A Risk Worth Taking: Women Leaders are Good for the Bottom Line
“Risk is a mixture of danger and opportunity”—a quote by Sana Mohsni, Associate Professor, Finance—a person who is highly intrigued by corporate risk-taking behaviour.
Sana has many projects on the go with collaborators from around the world that look to uncover how changes in firms’ governance, policies, and organizational structure shape risk tolerance and appetite. For instance, she looks at how firm privatization influences firm risk behaviour, or in another study, if the establishment of corporate directors and officers insurance influences a firm’s risk behaviour.
Sana is certainly a numbers person and quantitative data, usually measured through profit maximization, is instrumental to evaluating the success of firms, but Sana is also tapping into an area of business that is quite noteworthy. In a concurrent collaborative project, Sana examines the impact of gender diversity on the performance of companies and their risk-taking behaviour. What is incredible is that their findings are substantiating the value of women as board members—and they have the numbers to prove it.

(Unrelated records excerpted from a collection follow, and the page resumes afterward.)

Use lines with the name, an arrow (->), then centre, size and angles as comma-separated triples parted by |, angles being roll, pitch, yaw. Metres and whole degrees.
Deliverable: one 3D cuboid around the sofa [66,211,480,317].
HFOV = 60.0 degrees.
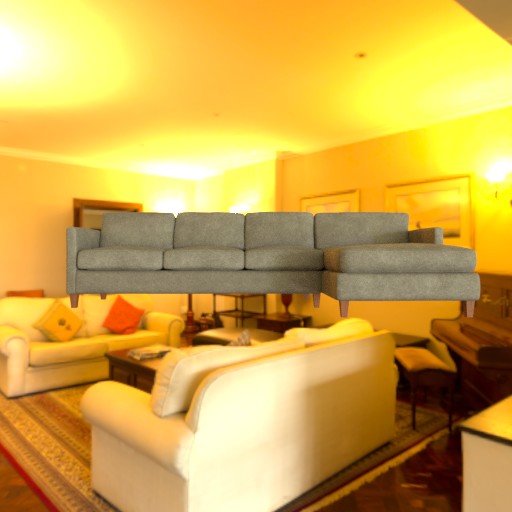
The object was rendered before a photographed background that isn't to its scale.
sofa -> 0.000, 0.000, 4.145 | 3.471, 0.950, 1.604 | 0, 0, -1
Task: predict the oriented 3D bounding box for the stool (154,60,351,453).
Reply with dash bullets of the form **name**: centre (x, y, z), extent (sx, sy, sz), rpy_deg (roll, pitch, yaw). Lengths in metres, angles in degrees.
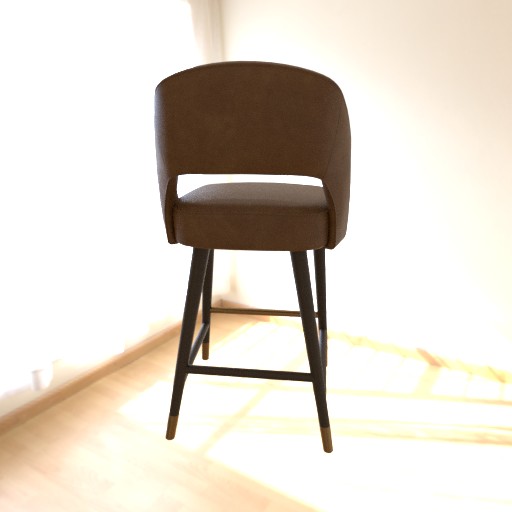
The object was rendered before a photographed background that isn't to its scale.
- **stool**: centre (0.000, 0.000, 1.234), extent (0.494, 0.940, 0.509), rpy_deg (2, 16, 6)
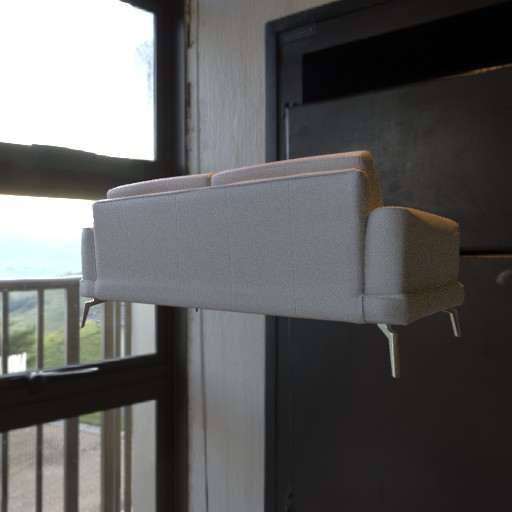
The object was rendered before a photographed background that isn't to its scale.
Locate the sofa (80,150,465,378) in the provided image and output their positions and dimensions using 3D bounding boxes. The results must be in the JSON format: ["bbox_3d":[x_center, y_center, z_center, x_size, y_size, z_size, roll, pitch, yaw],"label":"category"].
[{"bbox_3d":[0.000,0.000,2.710,2.177,0.930,1.121,0,0,36],"label":"sofa"}]
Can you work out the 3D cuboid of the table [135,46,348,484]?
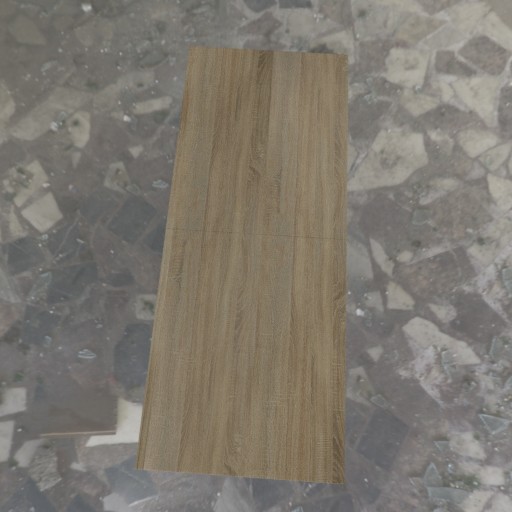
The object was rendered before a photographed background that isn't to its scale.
[{"bbox_3d":[0.000,0.000,2.581,0.900,0.790,2.200,4,74,1],"label":"table"}]
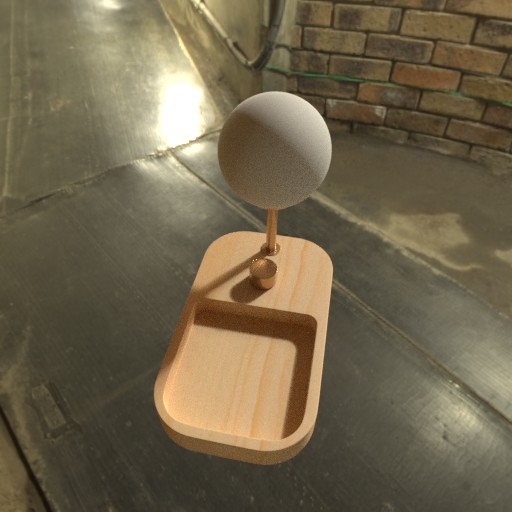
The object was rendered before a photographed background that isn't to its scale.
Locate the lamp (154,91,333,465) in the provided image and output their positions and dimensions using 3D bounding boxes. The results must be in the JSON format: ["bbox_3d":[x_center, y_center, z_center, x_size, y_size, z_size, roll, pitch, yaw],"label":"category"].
[{"bbox_3d":[0.000,0.000,0.469,0.173,0.253,0.331,8,47,8],"label":"lamp"}]
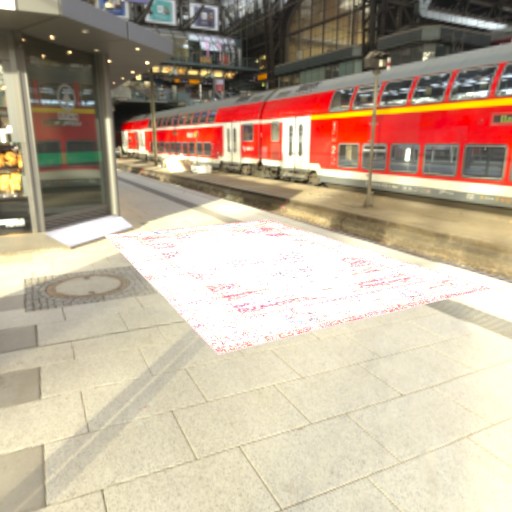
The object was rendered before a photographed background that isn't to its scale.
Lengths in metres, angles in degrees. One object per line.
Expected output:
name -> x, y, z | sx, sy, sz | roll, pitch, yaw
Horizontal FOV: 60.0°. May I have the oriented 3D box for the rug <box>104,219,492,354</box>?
rug -> 0.000, 0.000, 2.317 | 1.219, 0.006, 1.829 | -8, 17, -27
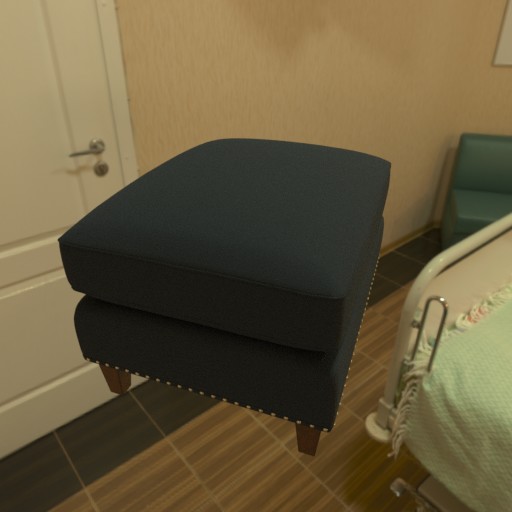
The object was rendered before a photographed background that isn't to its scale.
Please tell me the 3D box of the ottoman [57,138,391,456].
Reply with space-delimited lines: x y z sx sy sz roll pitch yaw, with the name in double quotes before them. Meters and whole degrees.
"ottoman" 0.000 0.000 1.156 0.584 0.513 0.741 11 32 18
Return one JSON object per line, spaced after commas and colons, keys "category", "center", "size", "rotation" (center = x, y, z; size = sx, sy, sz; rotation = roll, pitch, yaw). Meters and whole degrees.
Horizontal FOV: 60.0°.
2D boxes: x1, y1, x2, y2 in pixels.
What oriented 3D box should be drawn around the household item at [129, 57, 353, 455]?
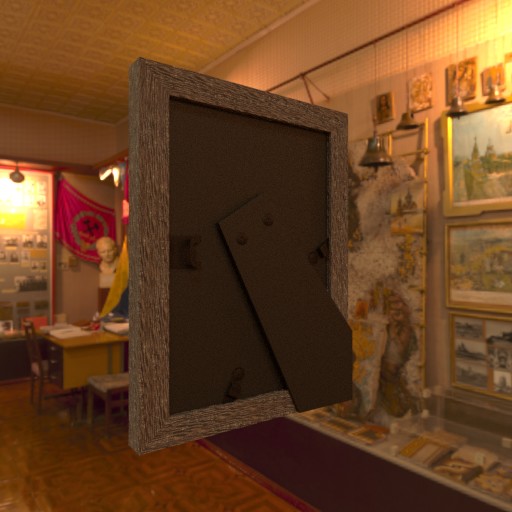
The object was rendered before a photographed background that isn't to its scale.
{"category": "household item", "center": [0.000, 0.000, 0.285], "size": [0.160, 0.210, 0.020], "rotation": [0, 0, -36]}

From Tunisia (where Sana was born and raised) to Canada, and the numerous countries in between, Sana has visited and collaborated with many scholars from around the globe; experiences that have allowed her to build a robust research program that fosters and infuses multiple perspectives from different corporate cultures. But it has also punctuated the reality of gender inequality and discrimination against women in business. Sana is keen to change this. Sana wants to better understand both the impact of gender diversity on the bottom line (profit maximization), as well as the impact to the risk-taking behaviour of firms when more women occupy board seats.